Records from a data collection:
§ §

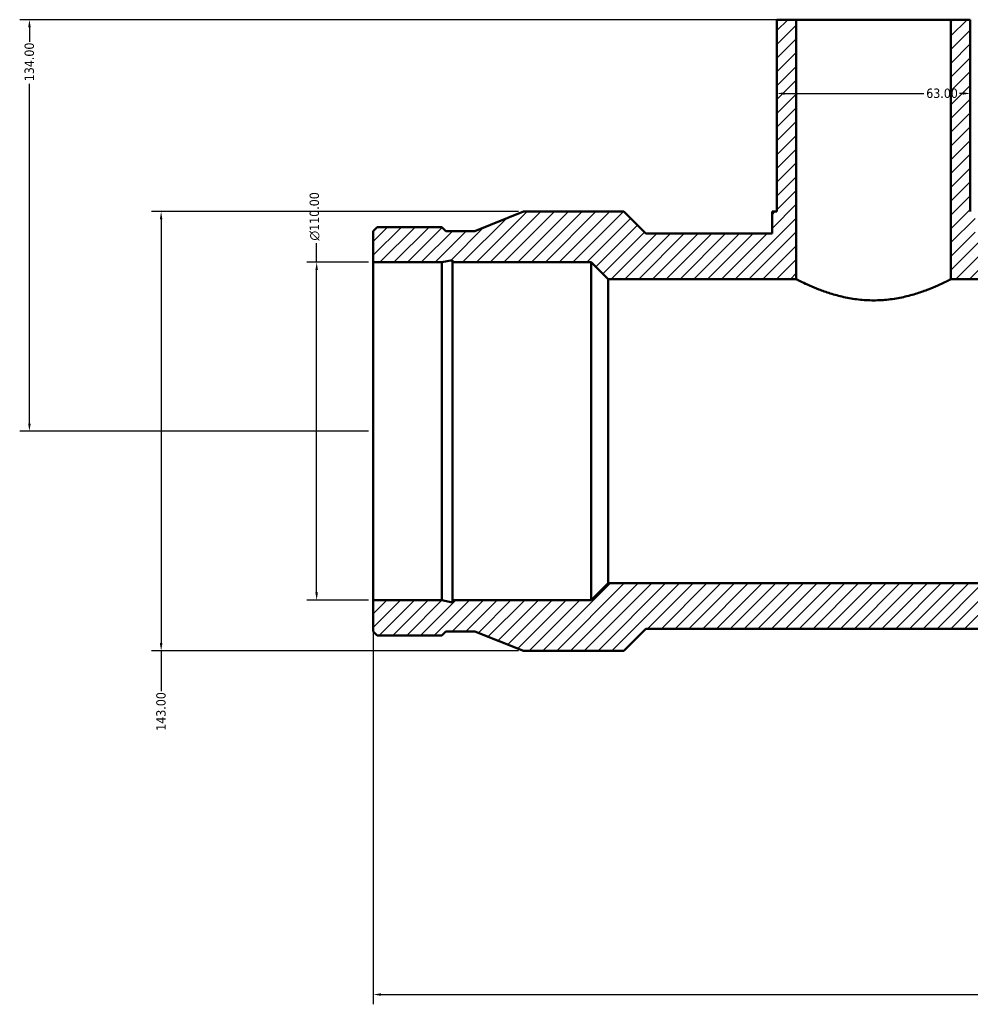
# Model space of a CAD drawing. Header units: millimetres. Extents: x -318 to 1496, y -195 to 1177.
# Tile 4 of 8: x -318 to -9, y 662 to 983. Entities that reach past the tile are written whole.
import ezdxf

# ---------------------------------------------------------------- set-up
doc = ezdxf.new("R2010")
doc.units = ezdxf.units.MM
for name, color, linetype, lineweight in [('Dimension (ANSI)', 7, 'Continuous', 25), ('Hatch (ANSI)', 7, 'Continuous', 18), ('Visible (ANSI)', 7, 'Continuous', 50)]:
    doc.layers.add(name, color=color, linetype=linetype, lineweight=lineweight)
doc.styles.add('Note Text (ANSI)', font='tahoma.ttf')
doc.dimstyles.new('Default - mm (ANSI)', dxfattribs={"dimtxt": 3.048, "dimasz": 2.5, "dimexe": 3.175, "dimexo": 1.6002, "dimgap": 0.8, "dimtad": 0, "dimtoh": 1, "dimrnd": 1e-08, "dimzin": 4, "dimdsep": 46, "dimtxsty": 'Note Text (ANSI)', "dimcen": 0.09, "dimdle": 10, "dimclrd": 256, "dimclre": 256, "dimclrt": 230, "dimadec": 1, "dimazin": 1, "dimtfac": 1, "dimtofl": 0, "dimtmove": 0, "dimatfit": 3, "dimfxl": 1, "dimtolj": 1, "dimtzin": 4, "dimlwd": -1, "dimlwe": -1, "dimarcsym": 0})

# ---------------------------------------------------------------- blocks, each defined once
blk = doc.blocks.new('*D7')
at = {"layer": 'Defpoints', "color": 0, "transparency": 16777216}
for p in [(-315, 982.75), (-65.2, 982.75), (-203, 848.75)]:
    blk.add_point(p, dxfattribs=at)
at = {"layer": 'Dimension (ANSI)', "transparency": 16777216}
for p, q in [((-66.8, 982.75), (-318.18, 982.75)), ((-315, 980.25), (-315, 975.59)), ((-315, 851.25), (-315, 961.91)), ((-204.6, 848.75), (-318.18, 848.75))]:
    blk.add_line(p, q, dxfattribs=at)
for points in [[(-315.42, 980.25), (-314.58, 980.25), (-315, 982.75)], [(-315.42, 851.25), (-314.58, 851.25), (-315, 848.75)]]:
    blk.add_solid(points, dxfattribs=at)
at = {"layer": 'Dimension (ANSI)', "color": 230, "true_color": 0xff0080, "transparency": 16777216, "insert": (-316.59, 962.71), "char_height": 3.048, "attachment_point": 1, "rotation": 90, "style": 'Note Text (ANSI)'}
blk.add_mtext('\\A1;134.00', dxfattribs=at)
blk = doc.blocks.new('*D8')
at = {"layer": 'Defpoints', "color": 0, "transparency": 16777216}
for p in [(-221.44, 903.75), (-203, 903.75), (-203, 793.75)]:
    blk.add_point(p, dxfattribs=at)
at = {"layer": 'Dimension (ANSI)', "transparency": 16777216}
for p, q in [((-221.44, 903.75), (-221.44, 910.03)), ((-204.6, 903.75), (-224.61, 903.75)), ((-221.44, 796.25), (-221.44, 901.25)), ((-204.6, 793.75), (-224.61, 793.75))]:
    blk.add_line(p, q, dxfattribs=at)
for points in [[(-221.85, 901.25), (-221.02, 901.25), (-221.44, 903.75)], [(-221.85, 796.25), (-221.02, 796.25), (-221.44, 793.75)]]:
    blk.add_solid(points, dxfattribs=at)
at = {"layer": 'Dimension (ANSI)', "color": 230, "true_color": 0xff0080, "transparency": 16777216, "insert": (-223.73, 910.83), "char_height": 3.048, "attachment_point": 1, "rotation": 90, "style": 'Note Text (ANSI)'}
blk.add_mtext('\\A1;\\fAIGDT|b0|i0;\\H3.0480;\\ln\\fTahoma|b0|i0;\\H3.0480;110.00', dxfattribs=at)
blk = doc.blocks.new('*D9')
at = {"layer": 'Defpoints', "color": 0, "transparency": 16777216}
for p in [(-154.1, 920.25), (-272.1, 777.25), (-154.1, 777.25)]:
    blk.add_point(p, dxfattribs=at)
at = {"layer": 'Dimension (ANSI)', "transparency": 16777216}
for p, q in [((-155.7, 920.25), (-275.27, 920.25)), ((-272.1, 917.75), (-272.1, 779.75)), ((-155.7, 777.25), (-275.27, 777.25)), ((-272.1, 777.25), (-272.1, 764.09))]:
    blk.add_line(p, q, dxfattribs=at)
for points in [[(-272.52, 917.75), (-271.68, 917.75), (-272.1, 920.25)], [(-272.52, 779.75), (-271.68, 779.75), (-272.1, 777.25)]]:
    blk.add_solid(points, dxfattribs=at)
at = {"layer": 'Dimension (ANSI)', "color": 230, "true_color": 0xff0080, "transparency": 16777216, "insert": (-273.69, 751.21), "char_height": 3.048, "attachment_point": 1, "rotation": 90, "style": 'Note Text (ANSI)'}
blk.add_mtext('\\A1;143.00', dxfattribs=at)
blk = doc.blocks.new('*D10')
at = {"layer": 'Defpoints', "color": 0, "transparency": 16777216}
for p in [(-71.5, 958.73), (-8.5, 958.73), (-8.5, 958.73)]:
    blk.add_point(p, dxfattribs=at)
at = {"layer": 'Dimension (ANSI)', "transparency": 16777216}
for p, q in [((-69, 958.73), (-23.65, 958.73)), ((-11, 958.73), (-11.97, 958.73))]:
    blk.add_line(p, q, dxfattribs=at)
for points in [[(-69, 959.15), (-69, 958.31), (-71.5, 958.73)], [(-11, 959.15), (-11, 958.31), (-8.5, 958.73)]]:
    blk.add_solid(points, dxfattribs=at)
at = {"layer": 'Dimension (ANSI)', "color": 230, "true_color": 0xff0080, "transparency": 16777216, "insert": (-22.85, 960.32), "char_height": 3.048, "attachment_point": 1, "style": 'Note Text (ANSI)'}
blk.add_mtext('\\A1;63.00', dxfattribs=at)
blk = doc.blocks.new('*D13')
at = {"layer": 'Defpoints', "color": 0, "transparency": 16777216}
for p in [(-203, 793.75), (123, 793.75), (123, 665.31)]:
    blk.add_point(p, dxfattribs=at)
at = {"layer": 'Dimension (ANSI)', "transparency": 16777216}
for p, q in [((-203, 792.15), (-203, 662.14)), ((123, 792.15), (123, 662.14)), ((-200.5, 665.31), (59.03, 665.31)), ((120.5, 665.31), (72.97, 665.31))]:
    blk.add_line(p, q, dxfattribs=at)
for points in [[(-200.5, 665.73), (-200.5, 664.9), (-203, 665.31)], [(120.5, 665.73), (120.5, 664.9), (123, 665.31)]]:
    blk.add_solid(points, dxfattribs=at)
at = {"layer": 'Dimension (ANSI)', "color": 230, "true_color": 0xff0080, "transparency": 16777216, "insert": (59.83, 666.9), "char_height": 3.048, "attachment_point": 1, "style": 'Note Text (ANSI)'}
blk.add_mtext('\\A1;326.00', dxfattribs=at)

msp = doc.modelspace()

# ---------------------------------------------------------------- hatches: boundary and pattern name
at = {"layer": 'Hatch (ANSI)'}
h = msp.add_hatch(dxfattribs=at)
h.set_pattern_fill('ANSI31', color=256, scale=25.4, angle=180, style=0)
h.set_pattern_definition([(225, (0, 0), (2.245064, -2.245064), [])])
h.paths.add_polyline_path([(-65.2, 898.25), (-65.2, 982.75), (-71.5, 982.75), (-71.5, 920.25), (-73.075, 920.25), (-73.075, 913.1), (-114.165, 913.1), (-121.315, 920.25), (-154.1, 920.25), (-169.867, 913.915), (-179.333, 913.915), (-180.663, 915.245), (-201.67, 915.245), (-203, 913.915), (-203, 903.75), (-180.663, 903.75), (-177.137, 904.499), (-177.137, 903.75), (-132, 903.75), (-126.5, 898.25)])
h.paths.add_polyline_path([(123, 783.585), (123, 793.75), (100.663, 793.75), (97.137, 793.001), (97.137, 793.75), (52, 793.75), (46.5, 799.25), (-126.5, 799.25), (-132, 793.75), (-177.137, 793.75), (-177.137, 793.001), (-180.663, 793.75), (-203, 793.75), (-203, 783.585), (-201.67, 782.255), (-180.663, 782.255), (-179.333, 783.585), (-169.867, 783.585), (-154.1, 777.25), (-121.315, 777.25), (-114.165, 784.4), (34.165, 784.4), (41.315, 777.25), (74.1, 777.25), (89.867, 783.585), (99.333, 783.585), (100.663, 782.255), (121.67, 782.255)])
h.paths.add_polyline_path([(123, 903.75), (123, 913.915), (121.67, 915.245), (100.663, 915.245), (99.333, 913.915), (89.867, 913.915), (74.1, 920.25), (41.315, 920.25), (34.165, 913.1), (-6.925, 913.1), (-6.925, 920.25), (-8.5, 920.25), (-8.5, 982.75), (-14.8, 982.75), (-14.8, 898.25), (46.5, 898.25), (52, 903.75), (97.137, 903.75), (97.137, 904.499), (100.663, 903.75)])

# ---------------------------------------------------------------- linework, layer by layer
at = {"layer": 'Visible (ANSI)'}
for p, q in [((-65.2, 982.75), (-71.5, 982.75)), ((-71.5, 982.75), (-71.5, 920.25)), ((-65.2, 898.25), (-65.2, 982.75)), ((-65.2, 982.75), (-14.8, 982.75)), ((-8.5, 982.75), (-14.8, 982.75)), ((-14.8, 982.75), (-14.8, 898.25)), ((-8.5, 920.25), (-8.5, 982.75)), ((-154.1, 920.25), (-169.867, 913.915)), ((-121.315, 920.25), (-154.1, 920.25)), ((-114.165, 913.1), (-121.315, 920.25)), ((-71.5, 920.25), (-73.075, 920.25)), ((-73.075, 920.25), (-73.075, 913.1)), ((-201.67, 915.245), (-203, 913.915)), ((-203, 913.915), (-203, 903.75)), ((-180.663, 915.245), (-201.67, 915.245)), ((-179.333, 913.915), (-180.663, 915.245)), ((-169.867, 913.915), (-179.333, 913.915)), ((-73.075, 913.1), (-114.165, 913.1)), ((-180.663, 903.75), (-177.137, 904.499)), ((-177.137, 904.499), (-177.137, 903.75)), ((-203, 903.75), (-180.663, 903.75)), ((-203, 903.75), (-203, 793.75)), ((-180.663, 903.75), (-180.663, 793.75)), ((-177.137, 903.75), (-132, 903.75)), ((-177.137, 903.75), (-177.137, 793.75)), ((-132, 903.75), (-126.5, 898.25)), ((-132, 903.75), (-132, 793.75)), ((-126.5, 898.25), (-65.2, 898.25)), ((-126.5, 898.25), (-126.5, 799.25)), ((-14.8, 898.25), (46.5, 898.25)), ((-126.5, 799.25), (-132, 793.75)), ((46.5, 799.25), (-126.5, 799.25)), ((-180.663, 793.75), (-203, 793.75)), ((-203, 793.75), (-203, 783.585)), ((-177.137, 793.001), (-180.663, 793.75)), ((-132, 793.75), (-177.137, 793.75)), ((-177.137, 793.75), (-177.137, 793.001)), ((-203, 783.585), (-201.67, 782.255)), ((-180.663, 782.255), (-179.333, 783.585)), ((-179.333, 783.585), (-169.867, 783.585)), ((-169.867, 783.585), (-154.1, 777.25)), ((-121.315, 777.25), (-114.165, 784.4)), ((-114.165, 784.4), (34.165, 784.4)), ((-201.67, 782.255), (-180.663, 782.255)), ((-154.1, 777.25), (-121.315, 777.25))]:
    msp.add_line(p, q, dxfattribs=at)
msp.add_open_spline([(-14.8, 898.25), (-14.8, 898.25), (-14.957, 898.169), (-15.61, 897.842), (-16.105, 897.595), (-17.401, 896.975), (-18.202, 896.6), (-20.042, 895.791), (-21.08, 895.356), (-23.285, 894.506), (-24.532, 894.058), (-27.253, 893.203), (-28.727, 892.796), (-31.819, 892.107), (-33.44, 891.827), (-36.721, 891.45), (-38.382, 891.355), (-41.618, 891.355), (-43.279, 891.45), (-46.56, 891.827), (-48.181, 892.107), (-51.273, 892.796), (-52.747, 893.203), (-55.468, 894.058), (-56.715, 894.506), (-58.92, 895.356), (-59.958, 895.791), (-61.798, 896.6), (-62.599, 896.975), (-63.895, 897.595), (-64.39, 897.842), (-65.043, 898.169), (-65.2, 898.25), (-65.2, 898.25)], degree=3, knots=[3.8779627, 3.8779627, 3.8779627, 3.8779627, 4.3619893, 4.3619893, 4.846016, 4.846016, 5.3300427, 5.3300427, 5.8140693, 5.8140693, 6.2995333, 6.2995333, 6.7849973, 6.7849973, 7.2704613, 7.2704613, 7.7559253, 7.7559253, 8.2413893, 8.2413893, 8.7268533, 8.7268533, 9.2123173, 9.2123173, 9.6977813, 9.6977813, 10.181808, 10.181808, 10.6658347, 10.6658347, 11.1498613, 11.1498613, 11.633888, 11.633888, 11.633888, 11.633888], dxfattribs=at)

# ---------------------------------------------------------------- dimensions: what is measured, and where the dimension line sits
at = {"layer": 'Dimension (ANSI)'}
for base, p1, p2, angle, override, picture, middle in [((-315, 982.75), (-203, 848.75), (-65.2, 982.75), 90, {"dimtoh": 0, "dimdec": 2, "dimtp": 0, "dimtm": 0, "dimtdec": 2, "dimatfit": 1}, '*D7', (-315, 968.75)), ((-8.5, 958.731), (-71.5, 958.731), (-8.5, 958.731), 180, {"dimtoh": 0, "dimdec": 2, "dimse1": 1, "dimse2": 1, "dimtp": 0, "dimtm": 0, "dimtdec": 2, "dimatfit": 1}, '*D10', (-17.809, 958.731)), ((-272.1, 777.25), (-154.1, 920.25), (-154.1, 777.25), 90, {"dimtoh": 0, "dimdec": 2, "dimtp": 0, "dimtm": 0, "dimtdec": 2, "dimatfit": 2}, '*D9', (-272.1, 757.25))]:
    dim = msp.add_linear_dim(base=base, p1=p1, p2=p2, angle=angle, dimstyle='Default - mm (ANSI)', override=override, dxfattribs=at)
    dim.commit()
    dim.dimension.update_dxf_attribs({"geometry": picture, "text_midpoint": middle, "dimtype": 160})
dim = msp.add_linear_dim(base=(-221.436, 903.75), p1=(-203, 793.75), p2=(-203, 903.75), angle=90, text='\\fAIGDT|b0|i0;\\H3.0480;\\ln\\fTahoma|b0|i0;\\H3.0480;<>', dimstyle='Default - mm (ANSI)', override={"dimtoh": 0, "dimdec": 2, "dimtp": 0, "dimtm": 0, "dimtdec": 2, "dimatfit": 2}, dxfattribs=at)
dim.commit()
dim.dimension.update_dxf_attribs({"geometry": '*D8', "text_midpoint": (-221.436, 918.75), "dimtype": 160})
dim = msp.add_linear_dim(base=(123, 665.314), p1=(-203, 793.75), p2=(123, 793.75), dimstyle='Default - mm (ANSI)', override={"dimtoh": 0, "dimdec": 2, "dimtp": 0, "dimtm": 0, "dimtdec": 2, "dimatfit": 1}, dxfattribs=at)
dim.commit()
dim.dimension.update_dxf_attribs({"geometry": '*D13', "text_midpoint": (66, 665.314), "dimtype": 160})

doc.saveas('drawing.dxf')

§ §

_Activity_: Give the lines again exactly, beginning with the first line of the records above and ending with the line that contains "import ezdxf", and include no pictures.

_Exercise solution_:
# Model space of a CAD drawing. Header units: millimetres. Extents: x -318 to 1496, y -195 to 1177.
# Tile 4 of 8: x -318 to -9, y 662 to 983. Entities that reach past the tile are written whole.
import ezdxf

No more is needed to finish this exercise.